The items can be kept or removed from meta_indexed_expr and meta_expr based on the value of keep. For example if meta_indexed_exprs is {‘freq’: ht.freq, ‘freq_meta_sample_count’: ht.index_globals().freq_meta_sample_count} and meta_expr is ht.freq_meta then if keep is True, the items specified by items_to_filter such as ‘gen_anc’ = ‘han’ will be kept and all other items will be removed from the ht.freq, ht.freq_meta_sample_count, and ht.freq_meta. meta_indexed_exprs can also be a single array expression such as ht.freq.

The filtering can also be applied such that all criteria must be met (combine_operator = “and”) by the meta_expr item in order to be filtered, or at least one of the specified criteria must be met (combine_operator = “or”) by the meta_expr item in order to be filtered.

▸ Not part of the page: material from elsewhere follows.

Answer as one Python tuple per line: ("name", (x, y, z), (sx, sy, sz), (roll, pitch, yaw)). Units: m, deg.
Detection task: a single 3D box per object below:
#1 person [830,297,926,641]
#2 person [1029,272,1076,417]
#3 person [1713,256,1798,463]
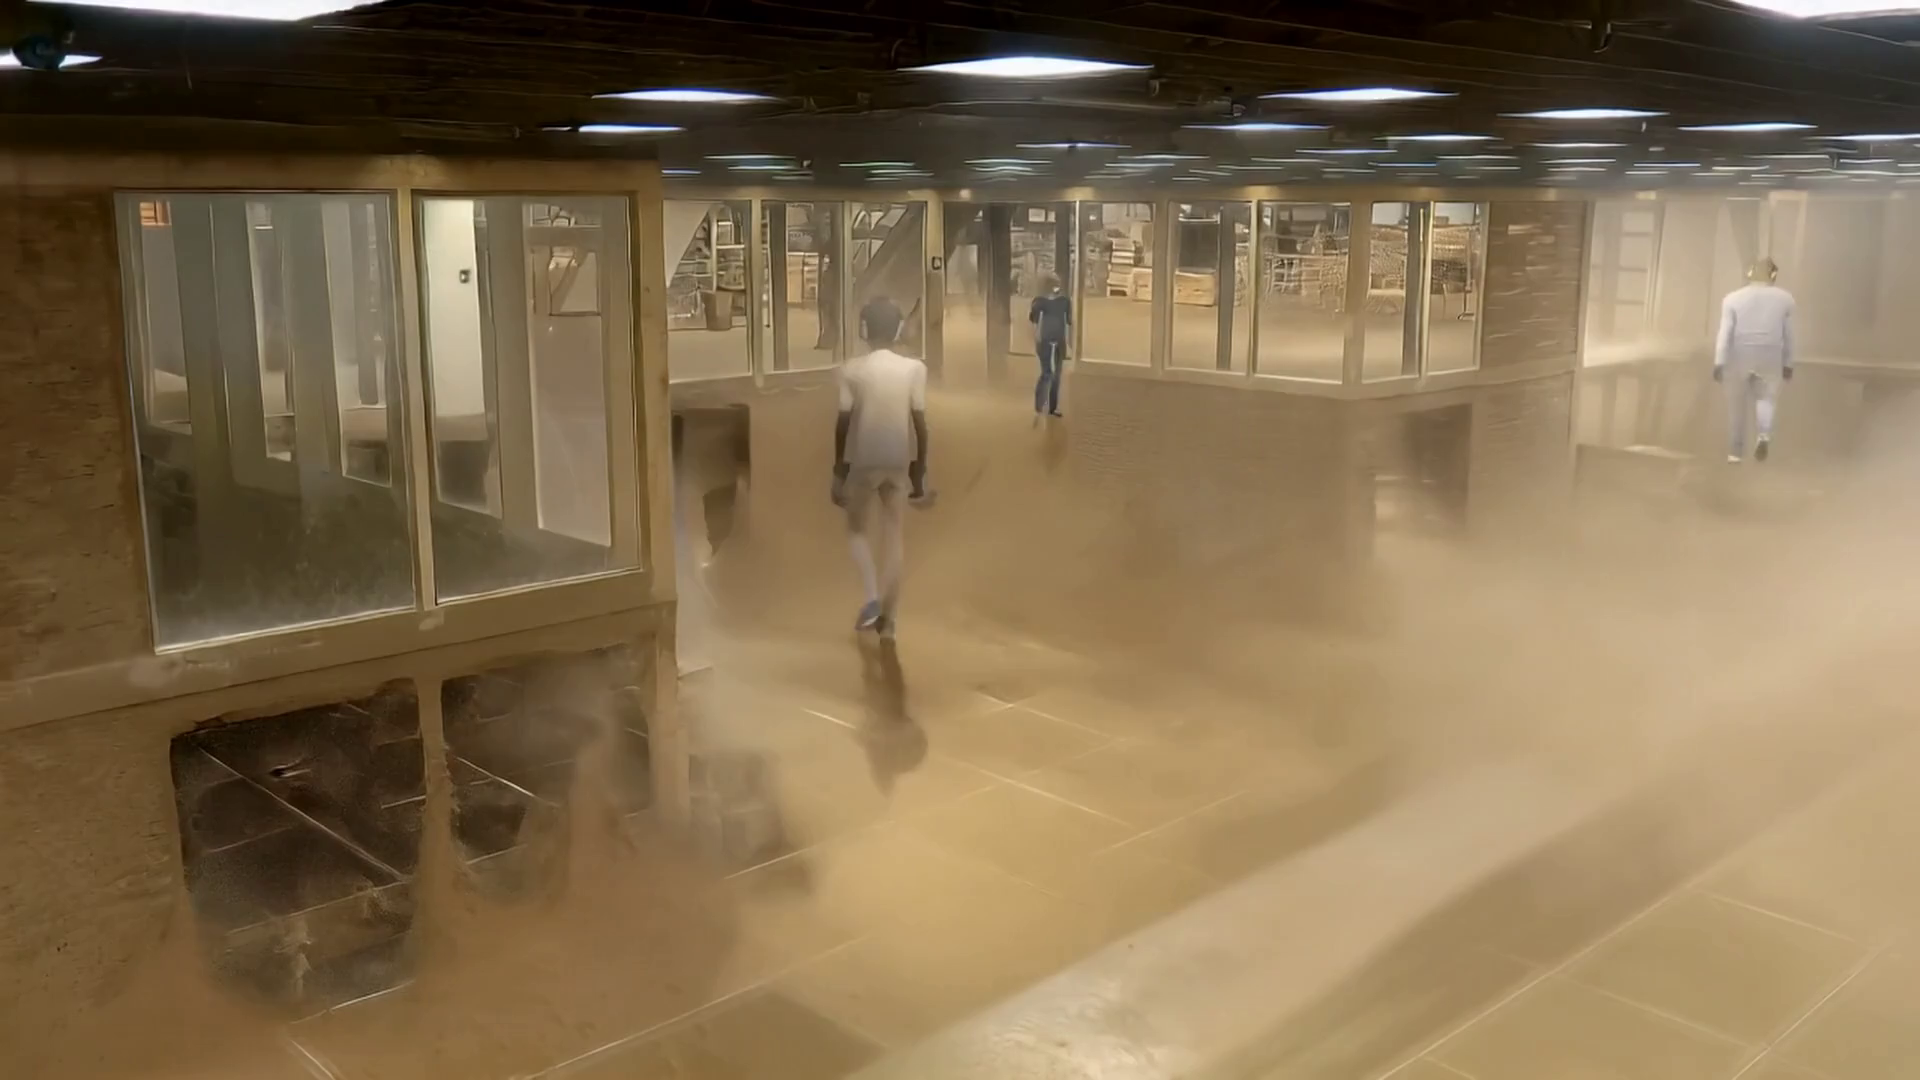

The exact_match parameter can be used to apply the keep parameter to only items specified in the items_to_filter parameter. For example, by default, if keep is True, combine_operator is “and”, and items_to_filter is [“sex”, “downsampling”], then all items in meta_expr with both “sex” and “downsampling” as keys will be kept. However, if exact_match is True, then the items in meta_expr will only be kept if “sex” and “downsampling” are the only keys in the meta dict.

Parameters:

meta_expr (ArrayExpression) – Metadata expression that contains the values of the elements in meta_indexed_expr. The most often used expression is freq_meta to index into a ‘freq’ array.
meta_indexed_exprs (Union[Dict[str, ArrayExpression], ArrayExpression]) – Either a Dictionary where the keys are the expression name and the values are the expressions indexed by the meta_expr such as a ‘freq’ array or just a single expression indexed by the meta_expr.
items_to_filter (Union[Dict[str, List[str]], List[str]]) – Items to filter by, either a list or a dictionary.
keep (bool) – Whether to keep or remove the items specified by items_to_filter.
combine_operator (str) – Whether to use “and” or “or” to combine the items specified by items_to_filter.
exact_match (bool) – Whether to apply the keep parameter to only the items specified in the items_to_filter parameter or to all items in meta_expr. See the example above for more details. Default is False.

Return type:

Tuple[ArrayExpression, Union[Dict[str, ArrayExpression], ArrayExpression]]

Returns:

A Tuple of the filtered metadata expression and a dictionary of metadata indexed expressions when meta_indexed_expr is a Dictionary or a single filtered array expression when meta_indexed_expr is a single array expression.